• Exercise directions: Starting at the line that contains "This screenshot has" and ending at the final line of the entries below, write out each line exactly as it appears, but omit the pictures.

─── Available data ───

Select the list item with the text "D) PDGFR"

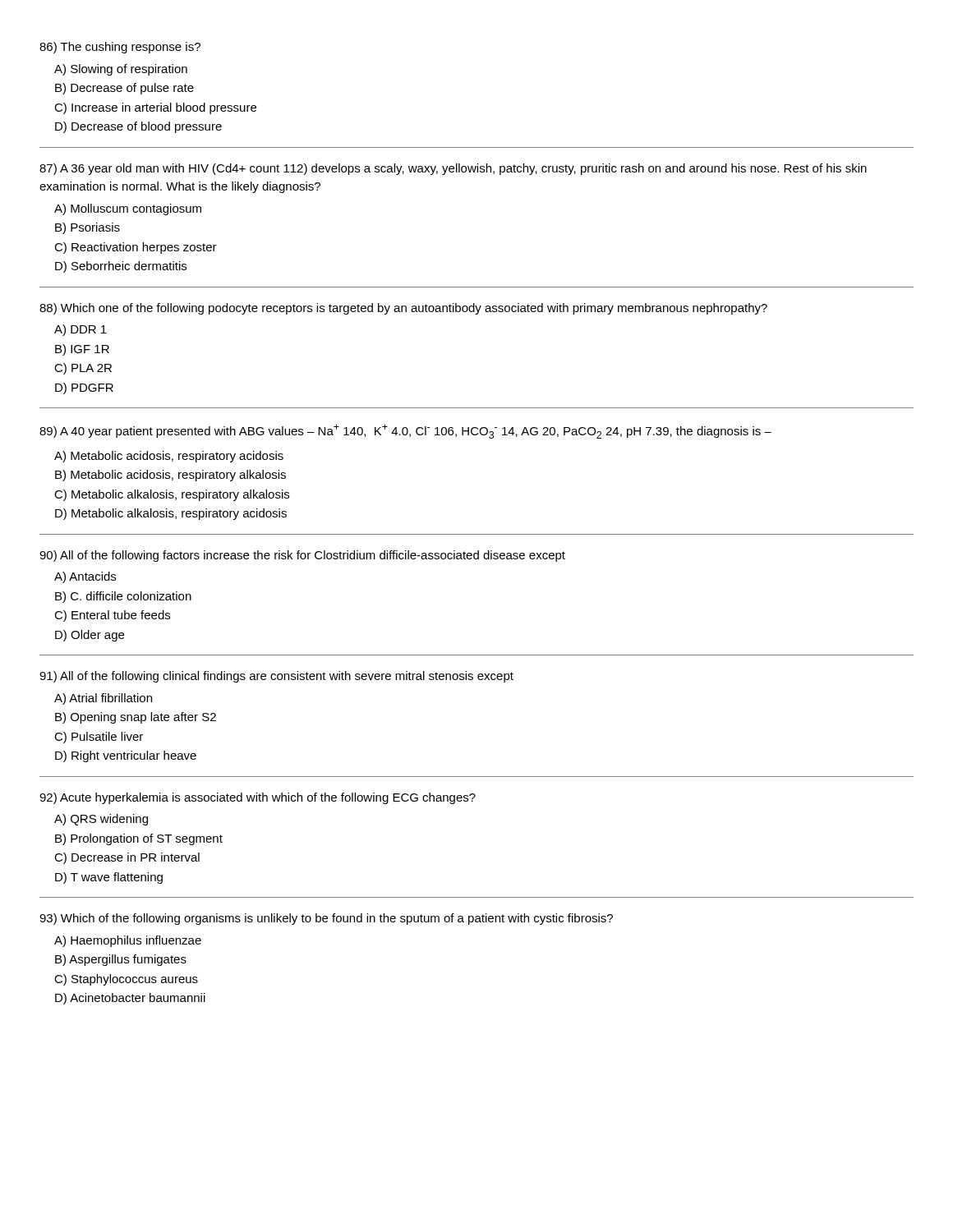click(x=84, y=387)
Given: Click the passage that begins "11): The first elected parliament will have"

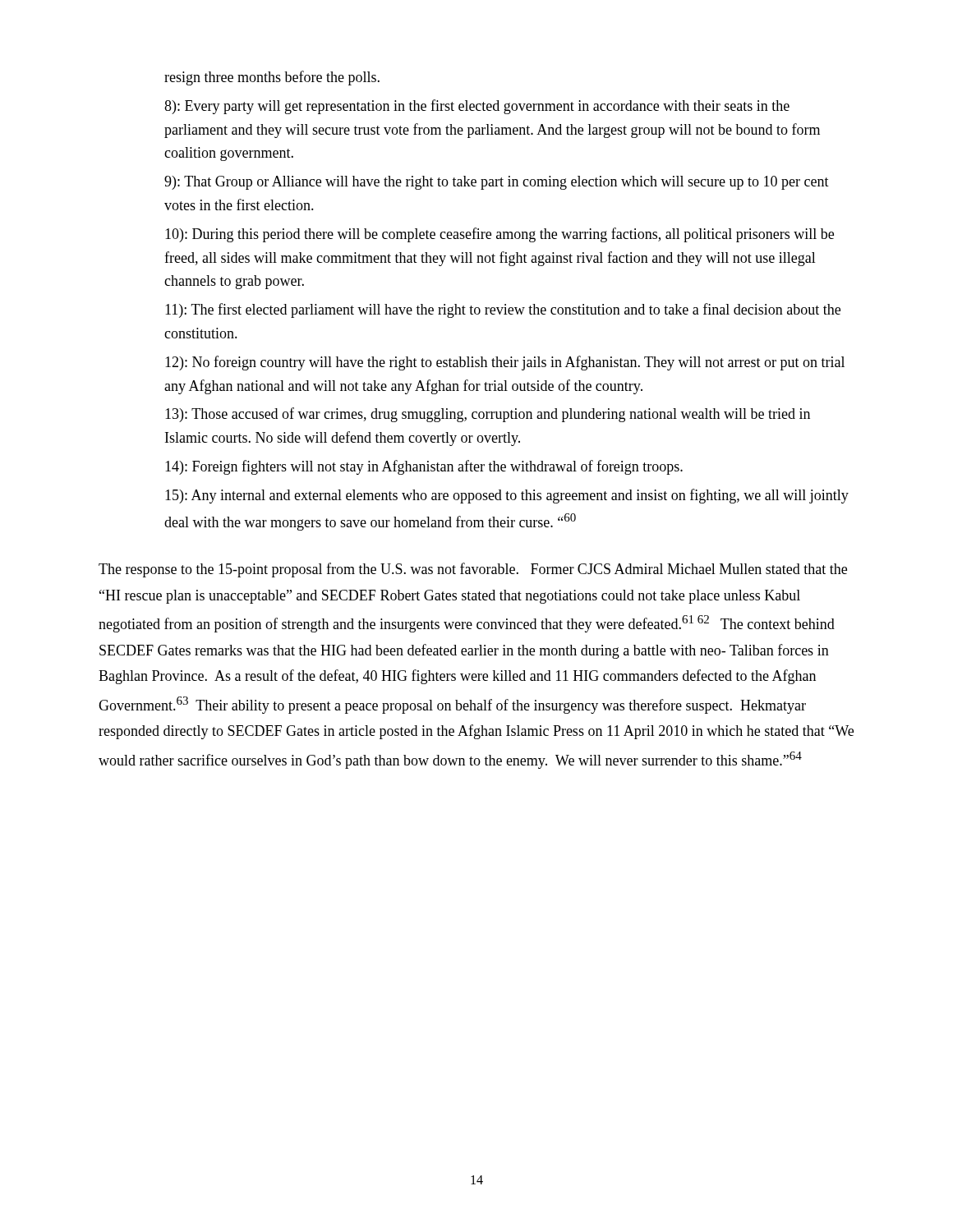Looking at the screenshot, I should point(503,322).
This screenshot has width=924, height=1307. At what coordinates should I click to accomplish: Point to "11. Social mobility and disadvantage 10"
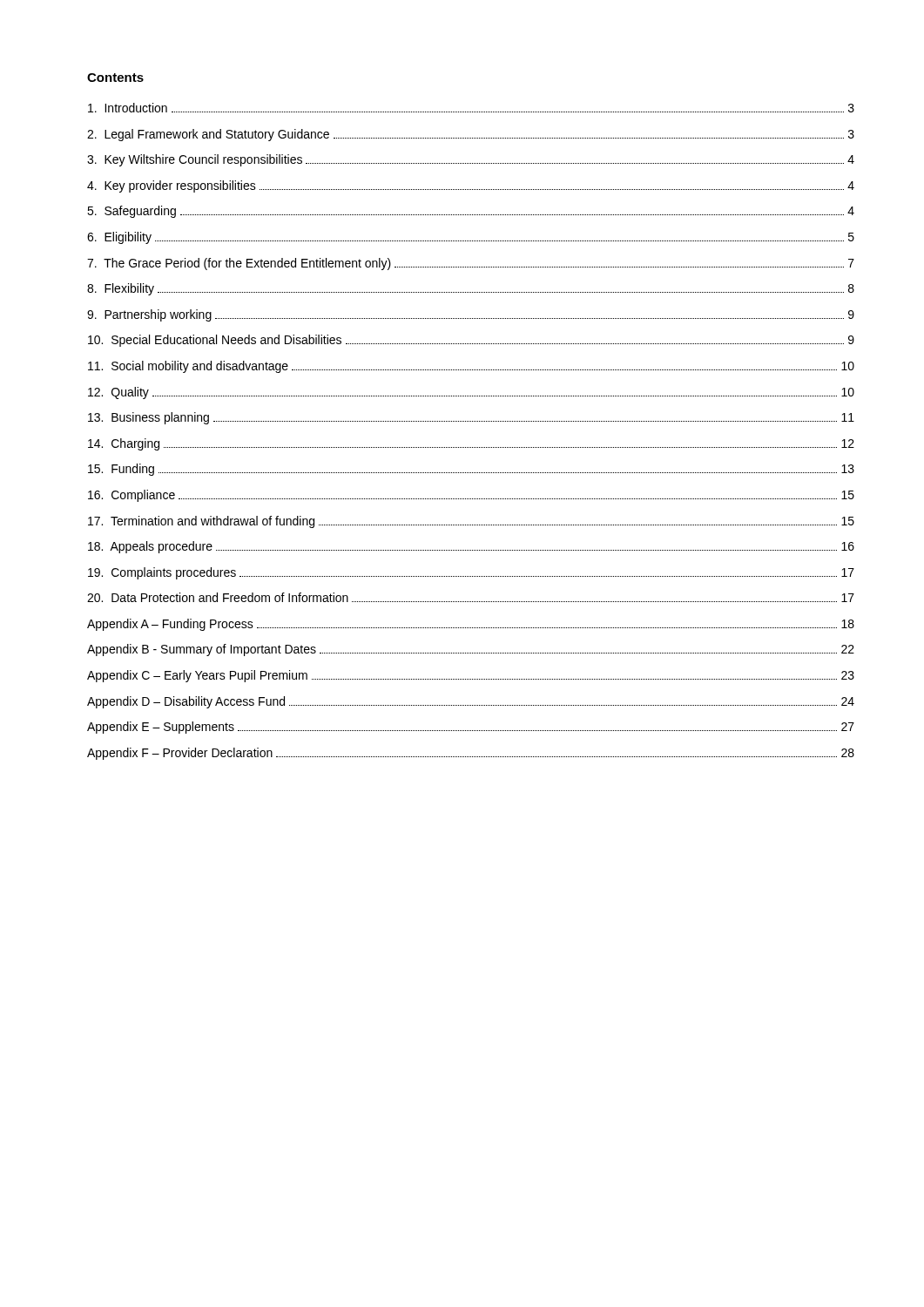click(471, 367)
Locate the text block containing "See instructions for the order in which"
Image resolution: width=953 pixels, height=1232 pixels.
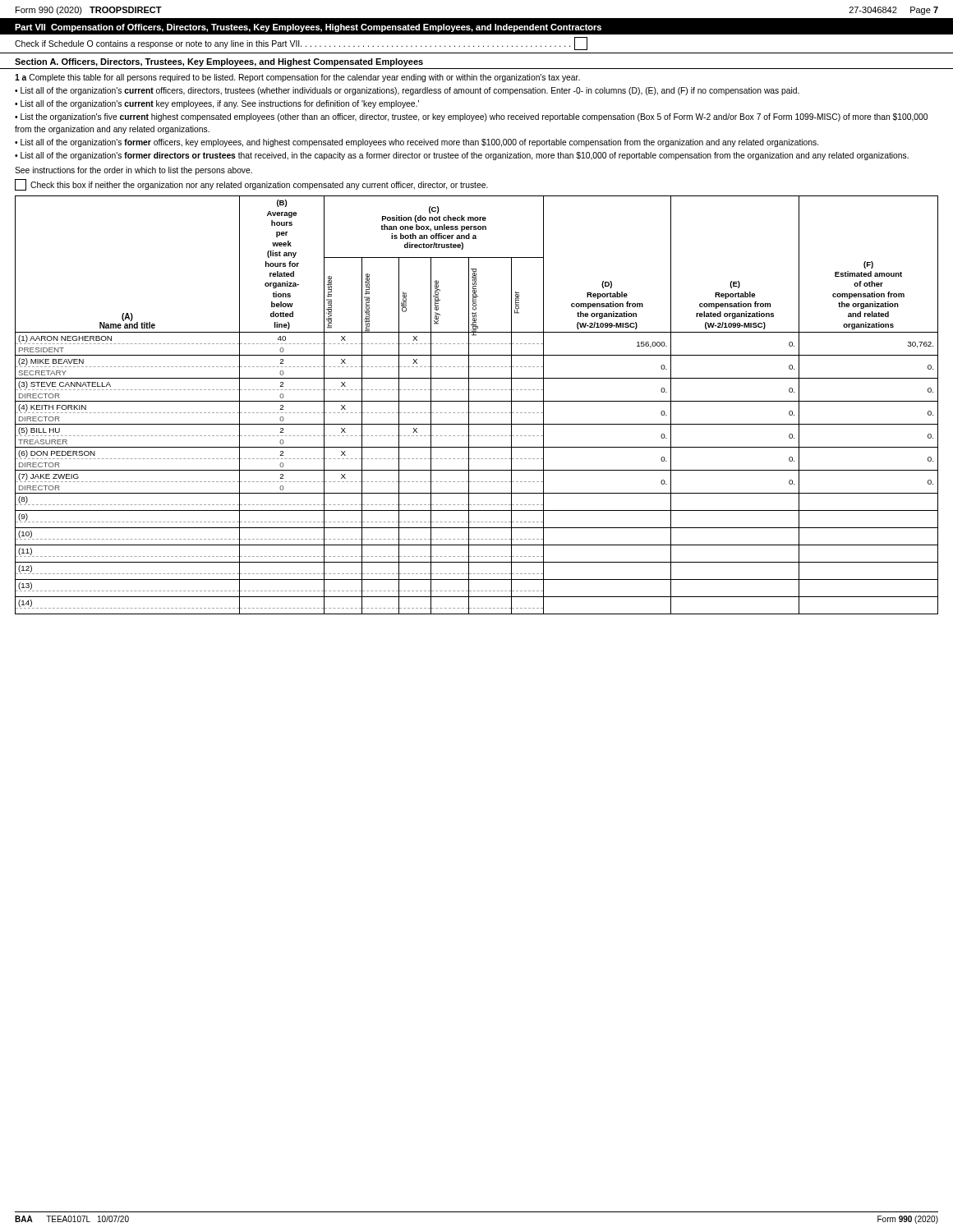click(x=134, y=171)

───

• Solution:
This screenshot has width=924, height=1307. At what coordinates should I click to accomplish: Point to "11. Social mobility and disadvantage 10"
click(471, 367)
Locate the text block containing "See instructions for the order in which"
Image resolution: width=953 pixels, height=1232 pixels.
click(x=134, y=171)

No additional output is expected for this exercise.